═════ Given records ═════

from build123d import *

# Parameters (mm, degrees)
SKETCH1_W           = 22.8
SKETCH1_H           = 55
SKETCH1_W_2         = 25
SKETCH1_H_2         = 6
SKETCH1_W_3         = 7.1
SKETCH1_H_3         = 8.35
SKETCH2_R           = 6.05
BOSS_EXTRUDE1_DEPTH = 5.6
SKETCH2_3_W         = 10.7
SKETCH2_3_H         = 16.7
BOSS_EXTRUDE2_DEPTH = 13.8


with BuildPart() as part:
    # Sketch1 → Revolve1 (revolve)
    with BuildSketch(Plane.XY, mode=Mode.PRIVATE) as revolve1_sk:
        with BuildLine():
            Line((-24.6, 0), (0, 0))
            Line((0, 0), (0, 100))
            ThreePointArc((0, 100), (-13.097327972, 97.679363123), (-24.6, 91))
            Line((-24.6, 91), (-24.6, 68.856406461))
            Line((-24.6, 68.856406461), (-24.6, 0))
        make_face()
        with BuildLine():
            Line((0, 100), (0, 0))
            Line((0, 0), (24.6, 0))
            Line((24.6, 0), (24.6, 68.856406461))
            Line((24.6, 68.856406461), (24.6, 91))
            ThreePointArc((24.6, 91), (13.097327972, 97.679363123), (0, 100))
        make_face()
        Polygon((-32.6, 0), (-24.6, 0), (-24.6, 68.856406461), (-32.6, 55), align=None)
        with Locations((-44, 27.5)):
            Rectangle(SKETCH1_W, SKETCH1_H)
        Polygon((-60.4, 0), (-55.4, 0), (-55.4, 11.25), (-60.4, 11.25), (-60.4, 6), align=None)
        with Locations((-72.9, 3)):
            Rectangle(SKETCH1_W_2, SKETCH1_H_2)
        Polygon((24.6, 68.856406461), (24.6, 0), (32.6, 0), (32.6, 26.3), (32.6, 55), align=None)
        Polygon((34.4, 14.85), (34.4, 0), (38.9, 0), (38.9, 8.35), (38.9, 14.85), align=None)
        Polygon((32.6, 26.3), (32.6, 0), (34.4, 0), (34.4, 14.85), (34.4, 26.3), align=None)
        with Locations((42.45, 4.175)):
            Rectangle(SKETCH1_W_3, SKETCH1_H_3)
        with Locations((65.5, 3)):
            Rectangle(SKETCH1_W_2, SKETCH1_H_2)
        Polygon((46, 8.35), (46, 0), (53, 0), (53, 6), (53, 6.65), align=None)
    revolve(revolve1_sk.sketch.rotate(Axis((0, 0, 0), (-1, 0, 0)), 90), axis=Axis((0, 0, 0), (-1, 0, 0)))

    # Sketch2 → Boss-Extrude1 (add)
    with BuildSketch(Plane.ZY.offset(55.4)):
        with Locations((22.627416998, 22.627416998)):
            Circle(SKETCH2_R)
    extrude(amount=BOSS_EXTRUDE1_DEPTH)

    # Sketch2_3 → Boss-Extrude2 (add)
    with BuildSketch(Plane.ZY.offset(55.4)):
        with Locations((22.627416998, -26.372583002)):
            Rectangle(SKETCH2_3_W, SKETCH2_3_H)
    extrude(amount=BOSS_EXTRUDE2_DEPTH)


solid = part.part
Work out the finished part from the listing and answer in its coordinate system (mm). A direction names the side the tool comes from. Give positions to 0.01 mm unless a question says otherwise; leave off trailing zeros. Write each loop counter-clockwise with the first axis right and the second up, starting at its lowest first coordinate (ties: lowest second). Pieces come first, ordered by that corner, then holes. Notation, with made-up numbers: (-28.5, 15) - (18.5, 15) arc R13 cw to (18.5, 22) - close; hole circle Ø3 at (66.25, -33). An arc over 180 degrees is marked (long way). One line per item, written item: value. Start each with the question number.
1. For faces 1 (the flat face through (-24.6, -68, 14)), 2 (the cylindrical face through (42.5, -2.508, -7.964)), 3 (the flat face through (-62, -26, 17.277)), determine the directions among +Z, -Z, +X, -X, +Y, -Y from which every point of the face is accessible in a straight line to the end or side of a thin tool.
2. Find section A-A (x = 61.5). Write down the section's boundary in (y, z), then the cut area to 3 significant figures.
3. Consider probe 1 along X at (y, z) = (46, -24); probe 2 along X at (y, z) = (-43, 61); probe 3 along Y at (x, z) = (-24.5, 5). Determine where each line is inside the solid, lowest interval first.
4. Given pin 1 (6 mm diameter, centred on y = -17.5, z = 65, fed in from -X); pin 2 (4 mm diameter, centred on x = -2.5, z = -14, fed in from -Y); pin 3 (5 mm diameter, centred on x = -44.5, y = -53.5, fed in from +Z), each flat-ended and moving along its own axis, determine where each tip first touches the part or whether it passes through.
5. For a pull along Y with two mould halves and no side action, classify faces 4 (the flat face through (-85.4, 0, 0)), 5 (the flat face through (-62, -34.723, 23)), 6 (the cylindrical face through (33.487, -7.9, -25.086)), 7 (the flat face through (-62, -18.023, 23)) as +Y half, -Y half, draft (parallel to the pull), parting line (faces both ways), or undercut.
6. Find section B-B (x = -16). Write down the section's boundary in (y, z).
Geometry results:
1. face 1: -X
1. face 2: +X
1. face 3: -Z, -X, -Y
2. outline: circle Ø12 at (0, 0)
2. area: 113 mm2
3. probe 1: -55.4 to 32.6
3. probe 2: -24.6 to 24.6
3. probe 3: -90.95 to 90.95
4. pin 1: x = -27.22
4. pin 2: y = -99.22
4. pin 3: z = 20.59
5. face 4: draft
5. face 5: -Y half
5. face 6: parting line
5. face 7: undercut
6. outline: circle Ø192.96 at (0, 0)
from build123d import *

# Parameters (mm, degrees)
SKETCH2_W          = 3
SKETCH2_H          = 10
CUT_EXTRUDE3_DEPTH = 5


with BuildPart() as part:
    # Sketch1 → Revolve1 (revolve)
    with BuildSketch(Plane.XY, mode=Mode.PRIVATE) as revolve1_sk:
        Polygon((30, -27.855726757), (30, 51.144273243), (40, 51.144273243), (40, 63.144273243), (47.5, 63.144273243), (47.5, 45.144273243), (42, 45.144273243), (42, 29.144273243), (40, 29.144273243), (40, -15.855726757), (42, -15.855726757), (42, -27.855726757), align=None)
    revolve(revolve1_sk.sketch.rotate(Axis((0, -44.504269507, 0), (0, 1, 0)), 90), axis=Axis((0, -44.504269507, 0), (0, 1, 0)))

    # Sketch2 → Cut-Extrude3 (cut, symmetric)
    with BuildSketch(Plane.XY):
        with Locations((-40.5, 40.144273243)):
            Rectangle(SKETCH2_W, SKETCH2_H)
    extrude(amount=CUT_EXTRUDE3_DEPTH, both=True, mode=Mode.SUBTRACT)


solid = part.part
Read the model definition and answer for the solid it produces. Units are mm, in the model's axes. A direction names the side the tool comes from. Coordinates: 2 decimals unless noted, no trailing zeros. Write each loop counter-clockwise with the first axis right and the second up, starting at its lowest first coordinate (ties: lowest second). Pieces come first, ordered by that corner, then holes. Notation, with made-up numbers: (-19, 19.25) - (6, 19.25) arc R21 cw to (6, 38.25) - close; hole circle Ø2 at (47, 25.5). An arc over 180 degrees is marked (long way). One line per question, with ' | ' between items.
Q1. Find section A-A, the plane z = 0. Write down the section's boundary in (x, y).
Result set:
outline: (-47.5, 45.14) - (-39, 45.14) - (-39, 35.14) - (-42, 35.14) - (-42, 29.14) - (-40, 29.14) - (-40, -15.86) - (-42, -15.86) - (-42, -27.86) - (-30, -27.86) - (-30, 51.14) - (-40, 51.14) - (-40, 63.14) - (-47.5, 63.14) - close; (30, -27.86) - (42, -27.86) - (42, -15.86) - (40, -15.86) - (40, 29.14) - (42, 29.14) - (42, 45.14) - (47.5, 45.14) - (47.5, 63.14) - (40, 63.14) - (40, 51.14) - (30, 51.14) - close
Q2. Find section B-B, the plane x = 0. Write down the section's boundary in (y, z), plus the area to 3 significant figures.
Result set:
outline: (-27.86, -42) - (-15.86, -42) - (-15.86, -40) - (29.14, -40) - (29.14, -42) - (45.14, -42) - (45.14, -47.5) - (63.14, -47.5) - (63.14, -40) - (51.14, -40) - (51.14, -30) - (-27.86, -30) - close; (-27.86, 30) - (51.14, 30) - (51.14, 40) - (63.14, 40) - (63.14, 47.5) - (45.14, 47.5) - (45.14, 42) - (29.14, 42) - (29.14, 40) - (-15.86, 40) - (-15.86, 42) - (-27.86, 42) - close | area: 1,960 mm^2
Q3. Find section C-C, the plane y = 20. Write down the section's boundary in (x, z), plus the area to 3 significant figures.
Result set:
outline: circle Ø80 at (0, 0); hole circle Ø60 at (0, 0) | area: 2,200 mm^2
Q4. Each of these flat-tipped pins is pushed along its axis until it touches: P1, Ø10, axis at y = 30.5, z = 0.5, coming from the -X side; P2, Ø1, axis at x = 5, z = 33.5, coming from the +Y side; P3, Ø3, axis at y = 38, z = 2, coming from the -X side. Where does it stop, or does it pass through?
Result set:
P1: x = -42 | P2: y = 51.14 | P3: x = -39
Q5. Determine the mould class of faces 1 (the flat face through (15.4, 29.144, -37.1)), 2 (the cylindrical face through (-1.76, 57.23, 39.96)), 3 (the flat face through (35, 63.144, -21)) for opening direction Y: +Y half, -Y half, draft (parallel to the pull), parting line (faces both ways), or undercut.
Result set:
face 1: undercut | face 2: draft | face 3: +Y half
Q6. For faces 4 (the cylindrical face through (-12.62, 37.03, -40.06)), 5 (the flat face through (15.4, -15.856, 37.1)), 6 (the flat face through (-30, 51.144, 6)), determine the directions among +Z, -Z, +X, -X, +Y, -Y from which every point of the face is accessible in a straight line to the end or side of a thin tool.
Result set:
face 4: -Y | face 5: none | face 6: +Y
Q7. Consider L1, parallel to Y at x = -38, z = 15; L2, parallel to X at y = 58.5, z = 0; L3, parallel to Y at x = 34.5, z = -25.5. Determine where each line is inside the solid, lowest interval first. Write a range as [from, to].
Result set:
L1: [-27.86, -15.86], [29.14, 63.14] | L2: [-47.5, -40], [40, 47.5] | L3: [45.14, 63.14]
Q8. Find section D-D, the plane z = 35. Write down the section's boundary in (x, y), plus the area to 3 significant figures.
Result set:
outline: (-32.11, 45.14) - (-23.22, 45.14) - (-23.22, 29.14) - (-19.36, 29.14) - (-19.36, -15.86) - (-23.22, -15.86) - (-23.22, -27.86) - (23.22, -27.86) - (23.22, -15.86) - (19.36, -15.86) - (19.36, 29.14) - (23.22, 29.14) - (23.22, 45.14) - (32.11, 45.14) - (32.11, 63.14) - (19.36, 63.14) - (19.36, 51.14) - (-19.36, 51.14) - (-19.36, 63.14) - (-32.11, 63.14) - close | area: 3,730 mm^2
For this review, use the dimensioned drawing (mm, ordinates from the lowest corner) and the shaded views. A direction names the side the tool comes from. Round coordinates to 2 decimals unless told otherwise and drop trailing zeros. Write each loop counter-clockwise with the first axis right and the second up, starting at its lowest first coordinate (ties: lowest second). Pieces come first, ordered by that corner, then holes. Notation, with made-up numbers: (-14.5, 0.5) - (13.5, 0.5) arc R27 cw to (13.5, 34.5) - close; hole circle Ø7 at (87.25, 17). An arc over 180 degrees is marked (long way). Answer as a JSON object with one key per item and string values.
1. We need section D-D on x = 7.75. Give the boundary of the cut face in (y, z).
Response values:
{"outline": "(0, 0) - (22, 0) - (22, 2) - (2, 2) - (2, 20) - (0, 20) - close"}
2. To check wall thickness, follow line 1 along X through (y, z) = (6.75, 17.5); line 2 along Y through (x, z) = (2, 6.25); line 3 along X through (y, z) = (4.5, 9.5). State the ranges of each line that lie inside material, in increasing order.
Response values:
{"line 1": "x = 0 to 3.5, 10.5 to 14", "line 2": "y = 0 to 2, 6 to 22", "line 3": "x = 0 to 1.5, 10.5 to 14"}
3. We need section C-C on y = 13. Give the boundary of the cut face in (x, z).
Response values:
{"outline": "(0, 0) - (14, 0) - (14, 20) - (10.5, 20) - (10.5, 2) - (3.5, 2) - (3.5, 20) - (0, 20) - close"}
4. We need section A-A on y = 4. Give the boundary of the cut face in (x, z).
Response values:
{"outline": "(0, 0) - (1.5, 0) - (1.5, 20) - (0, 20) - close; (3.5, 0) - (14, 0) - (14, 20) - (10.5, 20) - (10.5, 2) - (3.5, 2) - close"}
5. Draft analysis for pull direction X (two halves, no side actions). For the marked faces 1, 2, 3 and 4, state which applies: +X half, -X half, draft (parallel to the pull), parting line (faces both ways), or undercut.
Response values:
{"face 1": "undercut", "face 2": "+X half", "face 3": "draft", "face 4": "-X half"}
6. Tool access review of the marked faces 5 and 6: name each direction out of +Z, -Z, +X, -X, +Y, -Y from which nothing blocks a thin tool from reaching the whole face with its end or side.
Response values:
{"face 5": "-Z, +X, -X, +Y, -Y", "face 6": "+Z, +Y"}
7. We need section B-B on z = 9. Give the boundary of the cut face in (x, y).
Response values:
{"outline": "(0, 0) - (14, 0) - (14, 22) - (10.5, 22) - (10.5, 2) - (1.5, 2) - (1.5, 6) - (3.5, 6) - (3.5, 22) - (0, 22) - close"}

═════

**Task goal**
Give back every line of the listing where the word "half" shows up.

**Problem solution**
5. For a pull along Y with two mould halves and no side action, classify faces 4 (the flat face through (-85.4, 0, 0)), 5 (the flat face through (-62, -34.723, 23)), 6 (the cylindrical face through (33.487, -7.9, -25.086)), 7 (the flat face through (-62, -18.023, 23)) as +Y half, -Y half, draft (parallel to the pull), parting line (faces both ways), or undercut.
5. face 5: -Y half
Q5. Determine the mould class of faces 1 (the flat face through (15.4, 29.144, -37.1)), 2 (the cylindrical face through (-1.76, 57.23, 39.96)), 3 (the flat face through (35, 63.144, -21)) for opening direction Y: +Y half, -Y half, draft (parallel to the pull), parting line (faces both ways), or undercut.
face 1: undercut | face 2: draft | face 3: +Y half
5. Draft analysis for pull direction X (two halves, no side actions). For the marked faces 1, 2, 3 and 4, state which applies: +X half, -X half, draft (parallel to the pull), parting line (faces both ways), or undercut.
{"face 1": "undercut", "face 2": "+X half", "face 3": "draft", "face 4": "-X half"}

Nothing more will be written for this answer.